Sliding Filament Model of Contraction

Cardiac muscle contraction occurs via the sliding filament model of contraction, much like skeletal muscle. Once calcium is bound to troponin-C and the conformational change of tropomyosin has occured myosin heads can bind to actin. Following this ADP and inorganic phosphate are released from the myosin head so the power stroke can occur, in this the myosin pivots and bends, pulling on the actin and moving it, causing muscle contraction.

After this occurs a new molecule of ATP binds to the myosin head, causing it to detach from the actin. Finally, the ATP is hydrolysed into ADP and inorganic phosphate, following this the cycle can begin again and further contraction can occur.

Fig 2 – Diagram showing the sliding filament model of muscle contraction.

Removal of Calcium

After the stimulus is removed intracellular calcium is then reduced by two main methods:

  • By entering the sarcoplasmic reticulum for storage via a SERCA (sarco(endo)plasmic reticulum calcium-ATPase) channel at the expense of an ATP molecule.
  • Through an NCX (sodium-calcuim exchange) channel which extrudes a calcium ion and admits a sodium ion when membrane repolarisation starts.
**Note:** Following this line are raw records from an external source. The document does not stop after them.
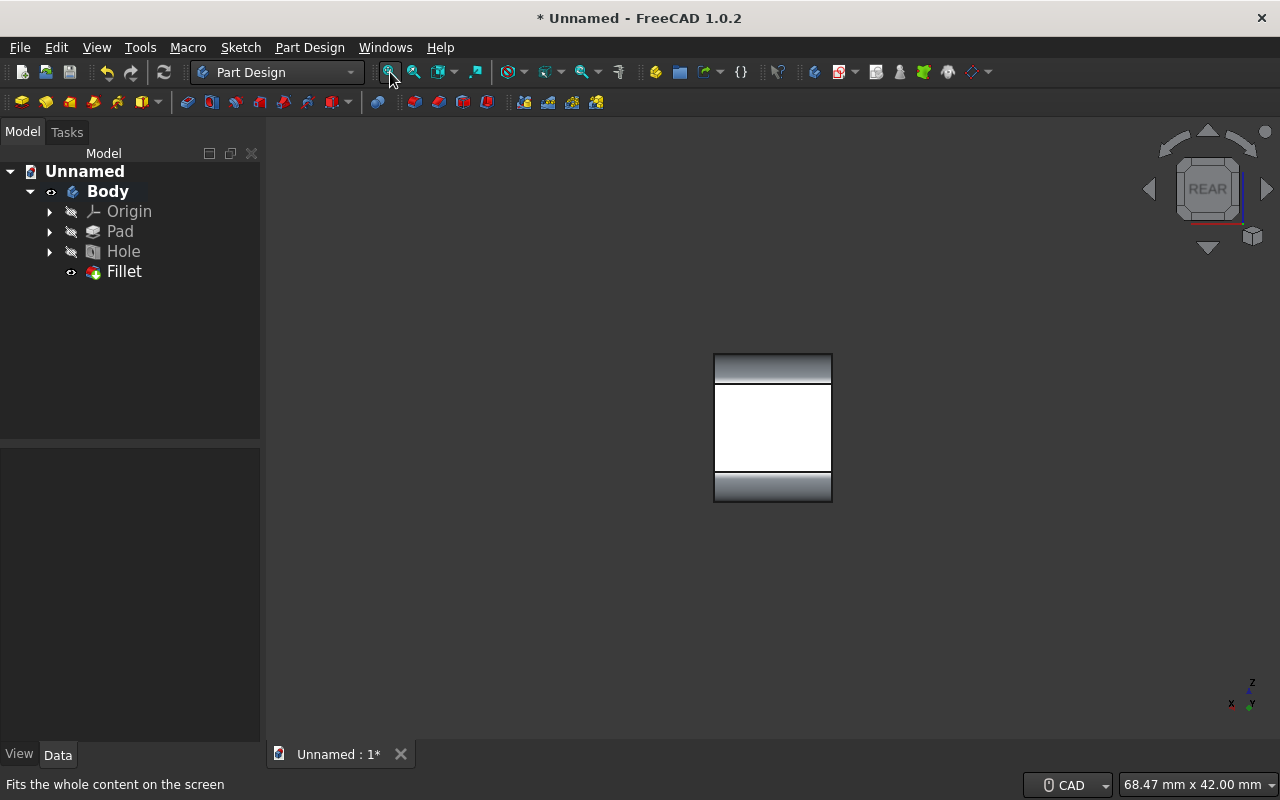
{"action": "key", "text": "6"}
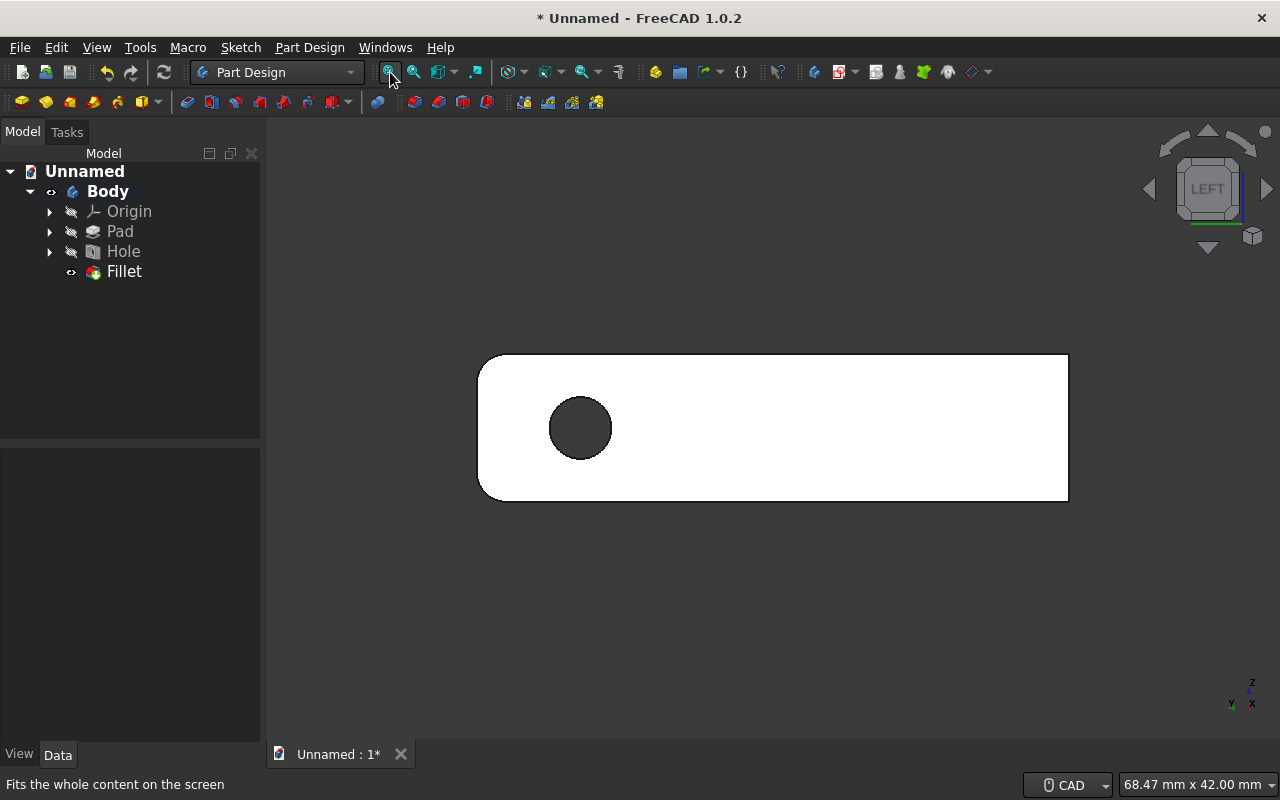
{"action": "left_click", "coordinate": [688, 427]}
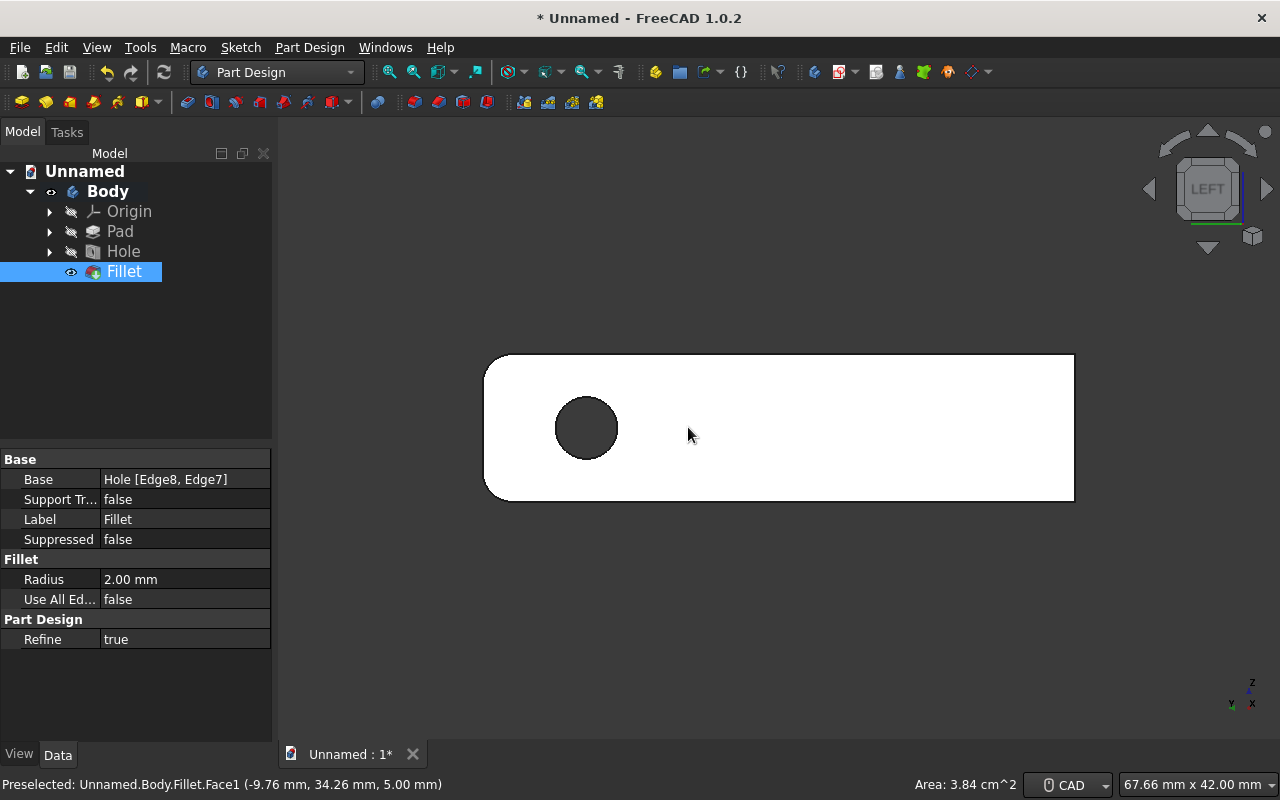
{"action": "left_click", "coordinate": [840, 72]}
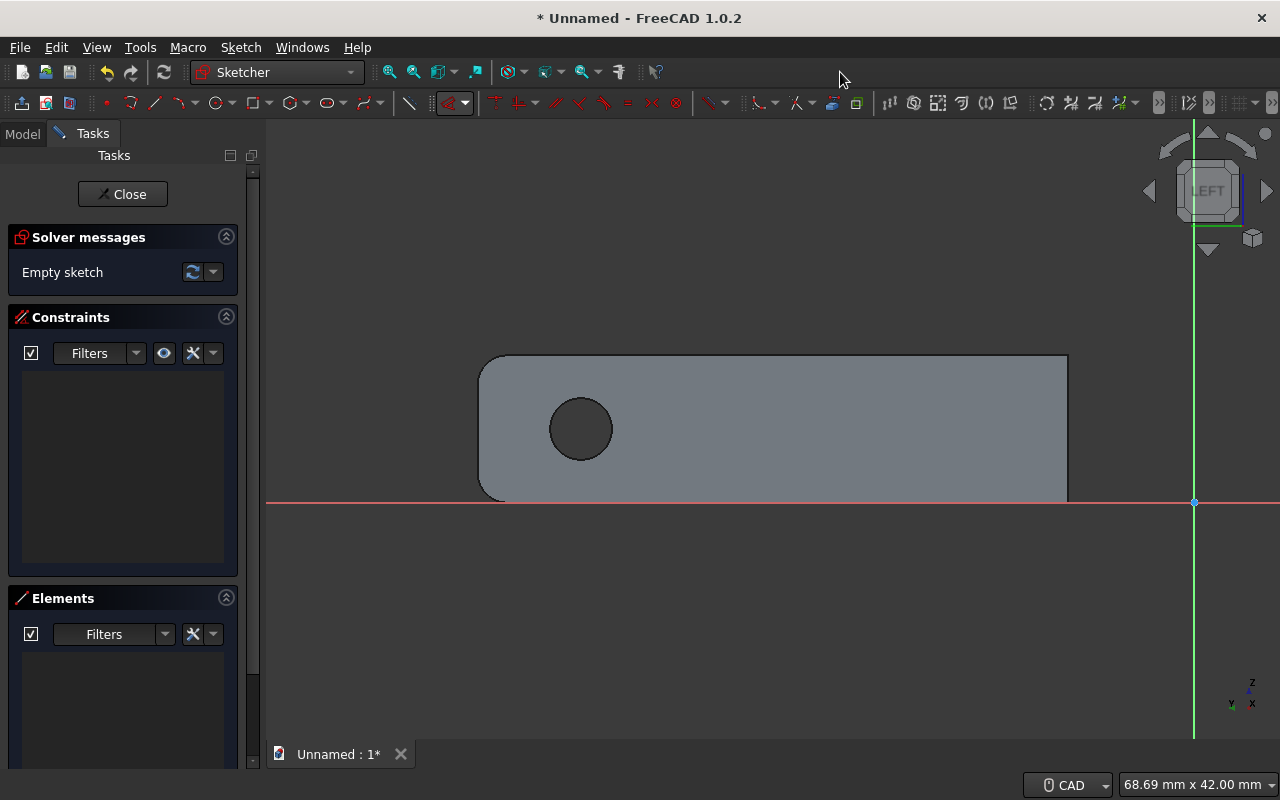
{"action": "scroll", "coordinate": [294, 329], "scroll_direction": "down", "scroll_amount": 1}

Calcium is no longer is bound to troponin C and the actin binding site is covered up ending contraction and relaxing the muscle.

Clinical Relevance – Troponin Assays

Some subtypes of troponin can be used as very specific and sensitive markers of damage to the cardiac muscle, particularly troponin I and T. They are typically measured in the blood to differentiate between unstable angina and myocardial infarctions, as they may present with similar symptoms.

A patient suffering from a myocardial infarction would typically show elevated cardiac troponins within the blood, which would not be the case for unstable angina. Depending on the troponin measured the levels would peak a few hours following the damage and they can remain high for up to two weeks after the event.

However it is important to note that they are not specific to myocardial infarction and only indicate cardiac muscle damage, as such they may also be elevated in conditions such as heart failure, pericarditis and amyloidosis. In addition to this, non-cardiac diseases such as sepsis or renal failure can also elevate troponins.

Fig 3 – Graph showing the levels of cardiac markers in the hours following onset of chest pain. Troponin T is displayed in grey.


Question 1 / 5
Which membrane protein directly responds to the depolarisation of cardiomyocytes?


Question 2 / 5
Which membrane protein located on the sarcoplasmic reticulum (SR) is involved in calcium induced calcium release (CICR)?


Question 3 / 5
Which membrane protein is responsible for the greatest calcium entry during calcium induced calcium release (CICR)?


Question 4 / 5
How do L-type voltage gated calcium channels (VGCCs) cause the opening of ryanodine receptor (RYR) channels in cardiac myocytes?


Question 5 / 5
Which pump is mainly responsible for restoring calcium levels after calcium induced calcium release (CICR)?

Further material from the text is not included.